Just had a girl too!! She actually came out butt first. No hooves presenting…sooooo happy she had the giant boy first! That would have been super difficult for me to try to assist with.


----------



## Emrcornerranch (Jun 13, 2020)

The boy


----------



## Emrcornerranch (Jun 13, 2020)




----------



## EJskeleton (Apr 22, 2021)

Congrats! So glad everything went mostly well!


----------



## toth boer goats (Jul 20, 2008)

Very good work, they are adorable.

Any afterbirth hanging?


----------



## Emrcornerranch (Jun 13, 2020)

The afterbirth has 3 sacs.
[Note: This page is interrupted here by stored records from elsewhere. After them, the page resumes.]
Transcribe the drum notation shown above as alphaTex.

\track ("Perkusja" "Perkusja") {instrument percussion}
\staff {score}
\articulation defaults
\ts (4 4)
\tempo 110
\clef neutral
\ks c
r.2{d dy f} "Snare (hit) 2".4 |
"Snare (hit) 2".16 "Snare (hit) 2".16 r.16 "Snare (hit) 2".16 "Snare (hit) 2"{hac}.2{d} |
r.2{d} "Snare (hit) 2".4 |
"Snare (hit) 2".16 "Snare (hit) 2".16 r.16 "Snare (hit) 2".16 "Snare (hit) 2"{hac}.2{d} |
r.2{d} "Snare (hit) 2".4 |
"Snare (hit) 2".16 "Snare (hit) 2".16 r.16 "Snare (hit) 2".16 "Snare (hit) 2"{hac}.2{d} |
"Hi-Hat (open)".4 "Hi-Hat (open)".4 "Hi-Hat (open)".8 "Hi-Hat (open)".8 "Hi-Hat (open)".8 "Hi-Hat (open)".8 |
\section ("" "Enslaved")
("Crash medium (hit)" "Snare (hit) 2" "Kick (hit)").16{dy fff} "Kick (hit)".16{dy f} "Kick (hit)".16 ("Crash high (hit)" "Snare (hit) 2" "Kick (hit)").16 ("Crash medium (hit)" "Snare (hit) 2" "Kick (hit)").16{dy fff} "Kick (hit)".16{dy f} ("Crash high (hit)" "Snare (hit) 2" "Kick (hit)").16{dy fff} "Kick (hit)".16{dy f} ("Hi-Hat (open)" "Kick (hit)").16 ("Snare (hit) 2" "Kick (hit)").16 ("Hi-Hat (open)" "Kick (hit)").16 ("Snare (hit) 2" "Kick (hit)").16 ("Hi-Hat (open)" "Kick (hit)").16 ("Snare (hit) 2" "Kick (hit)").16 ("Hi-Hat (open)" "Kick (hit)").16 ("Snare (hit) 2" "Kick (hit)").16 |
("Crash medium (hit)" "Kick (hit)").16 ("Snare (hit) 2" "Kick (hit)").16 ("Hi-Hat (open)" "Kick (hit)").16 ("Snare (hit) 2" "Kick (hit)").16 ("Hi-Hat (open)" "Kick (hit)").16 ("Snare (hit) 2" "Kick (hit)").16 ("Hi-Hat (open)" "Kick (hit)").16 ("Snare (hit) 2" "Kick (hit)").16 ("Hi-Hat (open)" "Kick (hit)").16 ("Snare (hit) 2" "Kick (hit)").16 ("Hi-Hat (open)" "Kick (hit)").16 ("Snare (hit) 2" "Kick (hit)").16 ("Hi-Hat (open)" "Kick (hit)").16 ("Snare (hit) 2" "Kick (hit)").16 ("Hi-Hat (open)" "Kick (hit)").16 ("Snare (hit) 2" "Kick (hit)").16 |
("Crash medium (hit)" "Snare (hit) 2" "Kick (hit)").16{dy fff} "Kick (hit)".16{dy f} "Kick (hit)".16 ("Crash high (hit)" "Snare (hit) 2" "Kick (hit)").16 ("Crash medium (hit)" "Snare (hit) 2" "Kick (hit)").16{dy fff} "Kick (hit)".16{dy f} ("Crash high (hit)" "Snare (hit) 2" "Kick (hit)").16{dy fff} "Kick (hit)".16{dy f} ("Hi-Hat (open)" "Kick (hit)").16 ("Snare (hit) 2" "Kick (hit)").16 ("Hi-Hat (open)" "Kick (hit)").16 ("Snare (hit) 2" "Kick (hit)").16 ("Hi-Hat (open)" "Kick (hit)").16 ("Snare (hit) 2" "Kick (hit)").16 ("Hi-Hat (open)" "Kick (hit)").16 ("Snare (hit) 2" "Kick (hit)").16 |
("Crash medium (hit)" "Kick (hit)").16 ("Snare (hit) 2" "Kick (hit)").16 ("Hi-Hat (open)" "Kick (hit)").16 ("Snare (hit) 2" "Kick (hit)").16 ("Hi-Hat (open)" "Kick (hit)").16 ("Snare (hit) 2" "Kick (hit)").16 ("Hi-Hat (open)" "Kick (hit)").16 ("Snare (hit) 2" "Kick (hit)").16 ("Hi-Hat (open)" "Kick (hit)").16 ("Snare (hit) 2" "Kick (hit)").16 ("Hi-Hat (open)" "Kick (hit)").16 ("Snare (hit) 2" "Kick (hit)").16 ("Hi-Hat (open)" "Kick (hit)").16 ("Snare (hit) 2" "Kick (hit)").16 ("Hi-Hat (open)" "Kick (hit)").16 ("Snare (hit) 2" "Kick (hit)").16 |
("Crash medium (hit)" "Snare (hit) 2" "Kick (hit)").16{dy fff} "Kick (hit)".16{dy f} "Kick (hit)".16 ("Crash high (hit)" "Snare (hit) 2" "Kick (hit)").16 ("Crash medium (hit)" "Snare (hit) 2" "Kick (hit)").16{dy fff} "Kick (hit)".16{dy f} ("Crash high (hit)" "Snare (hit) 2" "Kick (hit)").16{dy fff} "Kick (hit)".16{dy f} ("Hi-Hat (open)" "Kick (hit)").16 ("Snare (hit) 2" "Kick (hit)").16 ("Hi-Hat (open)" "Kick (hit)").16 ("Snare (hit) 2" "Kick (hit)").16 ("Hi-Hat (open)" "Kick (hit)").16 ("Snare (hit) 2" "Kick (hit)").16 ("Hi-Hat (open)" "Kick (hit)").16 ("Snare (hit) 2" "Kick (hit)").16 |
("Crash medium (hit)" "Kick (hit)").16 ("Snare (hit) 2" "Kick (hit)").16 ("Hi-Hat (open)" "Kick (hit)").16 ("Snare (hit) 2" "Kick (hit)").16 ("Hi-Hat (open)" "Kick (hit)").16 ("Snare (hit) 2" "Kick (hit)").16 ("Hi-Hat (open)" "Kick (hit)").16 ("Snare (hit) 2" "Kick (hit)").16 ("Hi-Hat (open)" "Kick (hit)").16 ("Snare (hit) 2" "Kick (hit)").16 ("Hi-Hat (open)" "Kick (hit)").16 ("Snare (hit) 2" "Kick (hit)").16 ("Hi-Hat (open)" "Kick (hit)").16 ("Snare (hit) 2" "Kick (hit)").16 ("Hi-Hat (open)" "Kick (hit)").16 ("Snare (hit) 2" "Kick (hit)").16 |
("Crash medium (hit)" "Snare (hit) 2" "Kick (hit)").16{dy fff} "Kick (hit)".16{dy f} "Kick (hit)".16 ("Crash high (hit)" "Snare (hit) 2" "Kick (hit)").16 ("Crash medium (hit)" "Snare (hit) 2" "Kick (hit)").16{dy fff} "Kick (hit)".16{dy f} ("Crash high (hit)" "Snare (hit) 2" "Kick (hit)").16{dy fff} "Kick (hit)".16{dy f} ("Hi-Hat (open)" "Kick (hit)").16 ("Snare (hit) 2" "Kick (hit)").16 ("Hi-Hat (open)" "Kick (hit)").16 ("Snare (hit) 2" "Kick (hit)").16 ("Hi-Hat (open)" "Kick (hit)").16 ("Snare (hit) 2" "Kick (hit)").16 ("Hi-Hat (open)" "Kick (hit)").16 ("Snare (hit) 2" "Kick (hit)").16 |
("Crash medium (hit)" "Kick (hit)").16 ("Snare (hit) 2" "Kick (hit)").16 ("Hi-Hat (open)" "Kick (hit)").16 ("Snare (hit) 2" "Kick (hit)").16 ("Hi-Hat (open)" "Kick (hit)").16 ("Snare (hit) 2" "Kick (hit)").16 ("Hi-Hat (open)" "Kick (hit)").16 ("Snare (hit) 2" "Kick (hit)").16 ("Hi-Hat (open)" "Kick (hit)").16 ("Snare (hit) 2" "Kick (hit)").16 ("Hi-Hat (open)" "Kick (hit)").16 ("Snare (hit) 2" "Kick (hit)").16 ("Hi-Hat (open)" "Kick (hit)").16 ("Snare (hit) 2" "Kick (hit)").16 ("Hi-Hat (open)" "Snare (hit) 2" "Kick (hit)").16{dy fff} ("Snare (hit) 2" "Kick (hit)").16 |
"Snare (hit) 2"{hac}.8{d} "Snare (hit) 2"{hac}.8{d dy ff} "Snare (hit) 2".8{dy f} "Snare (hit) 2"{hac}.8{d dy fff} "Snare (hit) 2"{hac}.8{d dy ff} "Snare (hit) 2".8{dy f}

Is that normal or is there another kid in there?


----------



## Tanya (Mar 31, 2020)

Good question. Have you bumped her?


----------



## toth boer goats (Jul 20, 2008)

I agree, try to bump her.


----------



## Emrcornerranch (Jun 13, 2020)

I didn’t bump her. When I investigated there was like a bean shape and size whitish yellow clear thing on the smallest sack. I think it might have been a very very tiny undeveloped kid. She delivered her placenta and is no longer having contractions. Babies are pretty good at standing up and nursing by themselves.


----------



## EJskeleton (Apr 22, 2021)

Emrcornerranch said:


> I didn’t bump her. When I investigated there was like a bean shape and size whitish yellow clear thing on the smallest sack. I think it might have been a very very tiny undeveloped kid. She delivered her placenta and is no longer having contractions. Babies are pretty good at standing up and nursing by themselves.


How are things now?


----------



## Emrcornerranch (Jun 13, 2020)

Stalls are clean. I cleaned mama goat Flora up a bit. She’s still having some clear-pink discharge here and there. Buckwheat is the boy. He’s doing well. Still a bit confused about nursing, but he gets there. His tongue does seem a little swollen from his kidding struggle. We are thinking Barley or Maizy (like maize) for the girl. She is very active already. Both had a little b gel and selenium + vitamin e gel after birth. I dipped the umbilical cords but need to do it again. Flora keeps almost laying on them, which worries me she might crush them. She really does love them very much. She really enjoyed some electrolyte water with some nutridrench. Now my kidding for the year are done! And I seem to have a skill for unclogging kids with my tiny hands! Treasure may or may not be pregnant, so it’s possible I might have one last kidding in October.


----------



## MadHouse (Oct 3, 2019)

Congratulations!!
Wow, you did so well! 
The kids are adorable!
I like the names youchose.


----------



## Emrcornerranch (Jun 13, 2020)

MadHouse said:


> Congratulations!!
> Wow, you did so well!
> The kids are adorable!
> I like the names youchose.


Thank you. We had a group of out of state relatives watching me with my hand up a goat. Weird day! Haha!


----------



## FizzyGoats (Apr 14, 2021)

Emrcornerranch said:


> Thank you. We had a group of out of state relatives watching me with my hand up a goat. Weird day! Haha!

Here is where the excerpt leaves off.